2.53 Alcohol and calories in beer. Figure 2.12 (page 98) gives a scatterplot of the calories versus percent alcohol for 159 brands of domestic beer.
BEERD
(a) Compute the correlation for these data.
(b) Does the correlation do a good job of describing the direction and strength of this relationship? Explain your answer.
2.54 Alcohol and calories in beer revisited. Refer to the previous exercise. The data that you used to compute the correlation includes an outlier.
BEERD
(a) Remove the outlier and recompute the correlation.
(b) Write a short paragraph about the possible effects of outliers on a correlation using this example to illustrate your ideas.
2.55 Compare domestic with imported. In Exercise 2.31 (page 99), you compared domestic beers with imported beers with respect to the relationship between calories and percent alcohol. In that exercise, you used scatterplots to make the comparison. Compute the correlations for these two categories of beer and write a new summary of the comparison using correlations in addition to the scatterplots.
BEERD, BEERI
2.56 Use the applet. Go to the Correlation and Regression applet. Click on the scatterplot to create a group of 12 points in the lower-right corner of the scatterplot with a strong straight-line negative pattern (correlation about −0.9).
(a) Add one point at the upper left that is in line with the first 12. How does the correlation change?
(b) Drag this last point down until it is opposite the group of 12 points. How small can you make the correlation? Can you make the correlation positive? A single outlier can greatly strengthen or weaken a correlation. Always plot your data to check for outlying points.
2.57 Use the applet. You are going to use the Correlation and Regression applet to make different scatterplots with 12 points that have correlation close to 0.8. Many patterns can have the same correlation. Always plot your data before you trust a correlation.
(a) Stop after adding the first two points. What is the value of the correlation? Why does it have this value no matter where the two points are located?

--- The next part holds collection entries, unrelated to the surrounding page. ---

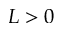Convert formula to latex. <formula><loc_0><loc_0><loc_500><loc_500>L > 0</formula> 
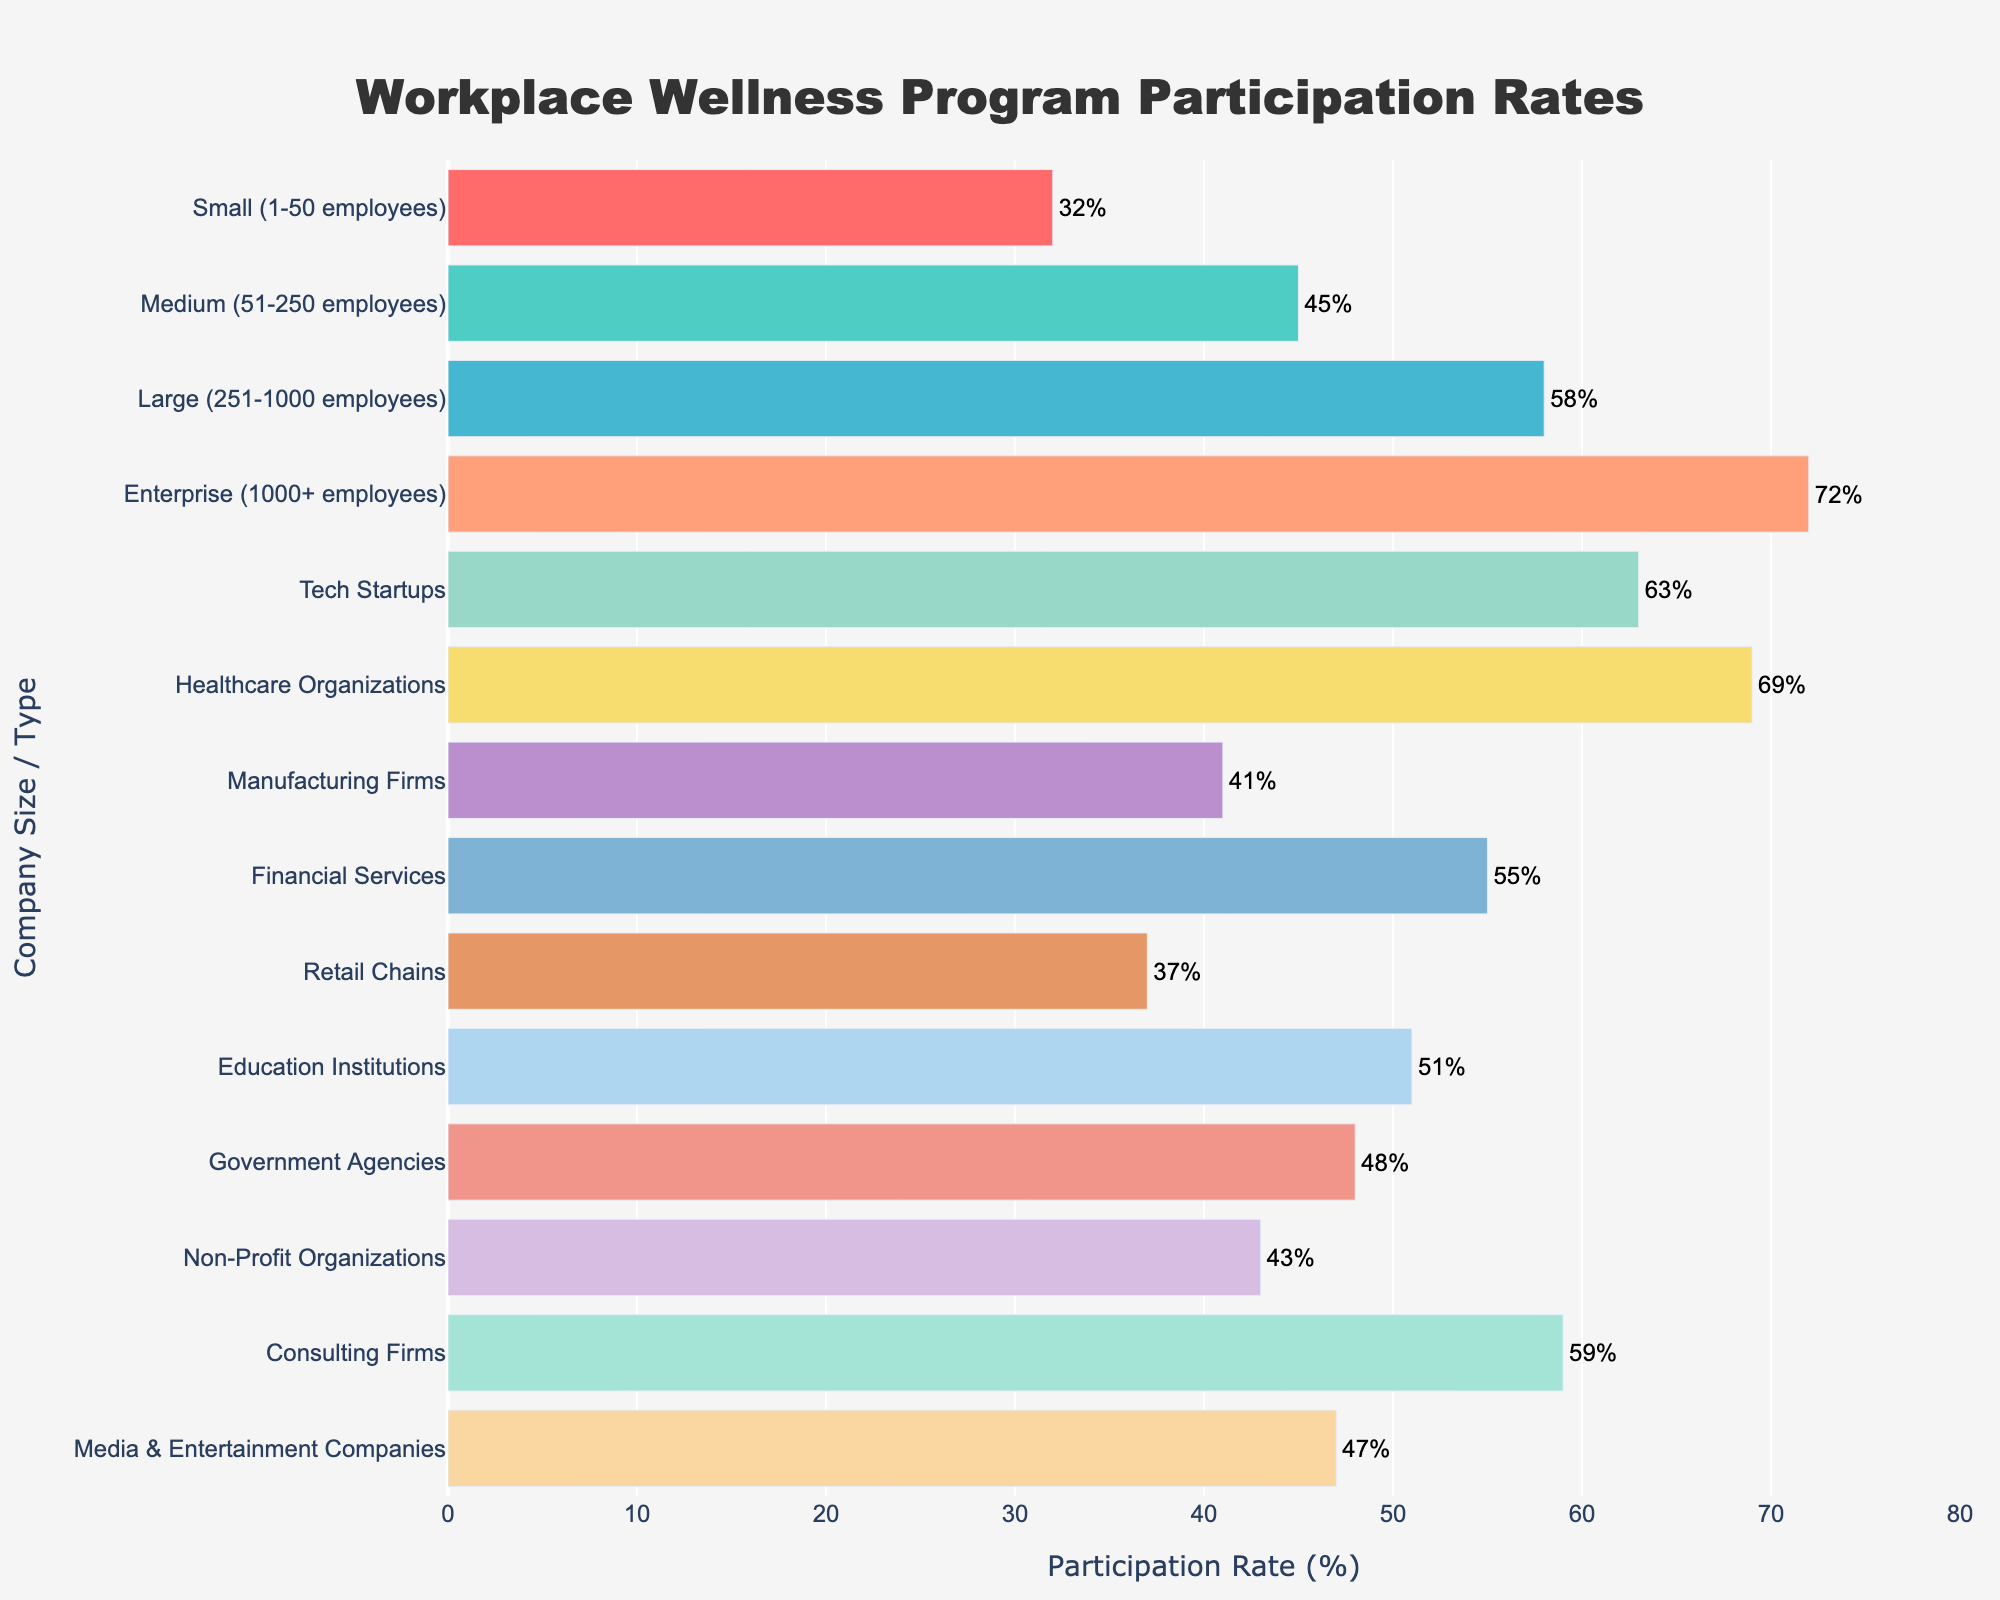Which company size/type has the highest workplace wellness program participation rate? The bar chart shows various company sizes/types along with their corresponding participation rates. By looking at the tallest bar, it is clear that "Enterprise (1000+ employees)" has the highest participation rate of 72%.
Answer: "Enterprise (1000+ employees)" What is the difference in wellness program participation rates between Tech Startups and Retail Chains? According to the bar chart, Tech Startups have a participation rate of 63% and Retail Chains have a rate of 37%. Subtracting 37 from 63 gives 26.
Answer: 26 How many company sizes/types have participation rates above 50%? By visually examining the bars, the company sizes/types with participation rates above 50% are: Large (251-1000 employees), Enterprise (1000+ employees), Tech Startups, Healthcare Organizations, Financial Services, Education Institutions, and Consulting Firms. Counting these gives 7.
Answer: 7 Which has a higher participation rate: Government Agencies or Media & Entertainment Companies? By comparing the heights of the bars for Government Agencies and Media & Entertainment Companies, it is clear that Government Agencies have a participation rate of 48%, which is higher than Media & Entertainment Companies' 47%.
Answer: Government Agencies What is the average participation rate for Non-Profit Organizations, Consulting Firms, and Manufacturing Firms? The participation rates are 43% for Non-Profit Organizations, 59% for Consulting Firms, and 41% for Manufacturing Firms. Summing these gives 143, and dividing by 3 gives an average of 47.67%.
Answer: 47.67% Which visual attribute distinguishes the company sizes/types with participation rates above 60%? The bars for company sizes/types with participation rates above 60% (Enterprise, Tech Startups, and Healthcare Organizations) are visibly longer and extend beyond the 60% mark on the x-axis.
Answer: Longer bars beyond 60% mark What is the lowest participation rate and which company size/type does it correspond to? By looking at the shortest bar on the chart, it corresponds to "Small (1-50 employees)" with a participation rate of 32%.
Answer: 32%, Small (1-50 employees) Do more company sizes/types have participation rates greater than or less than 50%? Counting the bars above and below the 50% mark, there are 7 bars above and 7 bars below 50%. Therefore, the numbers are equal.
Answer: Equal What is the participation rate range (difference between highest and lowest rates)? The highest participation rate is 72% (Enterprise) and the lowest is 32% (Small). The range is calculated by subtracting 32 from 72, which gives 40.
Answer: 40 Is the participation rate of Education Institutions closer to that of Government Agencies or Financial Services? Education Institutions have a participation rate of 51%, Government Agencies have 48%, and Financial Services have 55%. The difference from Education Institutions' rate is 3 for Government Agencies and 4 for Financial Services, making it closer to Government Agencies.
Answer: Government Agencies

(b) Make a lower-left to upper-right pattern of 12 points with correlation about r = 0.8. (You can drag points up or down to adjust r after you have 12 points.) Make a rough sketch of your scatterplot.
(c) Make another scatterplot, this time with 11 points in a vertical stack at the left of the plot. Add one point far to the right and move it until the correlation is close to 0.8. Make a rough sketch of your scatterplot.
(d) Make yet another scatterplot, this time with 12 points in a curved pattern that starts at the lower left, rises to the right, then falls again at the far right. Adjust the points up or down until you have a quite smooth curve with correlation close to 0.8. Make a rough sketch of this scatterplot also.
2.58 An interesting set of data. Make a scatterplot of the following data:
INTER
X | 1 | 2 | 3 | 4 | 10 | 10 |
Y | 1 | 3 | 3 | 5 | 1 | 10 |
Verify that the correlation is about 0.5. What feature of the data is responsible for reducing the correlation to this value despite a strong straight-line association between x and y in most of the observations?
2.59 Internet use and babies. Figure 2.13 (page 99) is a scatterplot of the number of births per 1000 people rate versus Internet users per 100 people for 106 countries. In Exercise 2.34 (page 99), you described this relationship.
INBIRTH
(a) Make a plot of the data similar to Figure 2.13 and report the correlation.
(b) Is the correlation a good numerical summary for this relationship? Explain your answer.
107
2.60 What’s wrong? Each of the following statements contains a blunder. Explain in each case what is wrong.
(a) There is a high correlation between the age of American workers and their occupation.
(b) We found a high correlation (r = 1.19) between students’ ratings of faculty teaching and ratings made by other faculty members.
(c) The correlation between the sex of a group of students and the color of their cell phone was r = 0.23.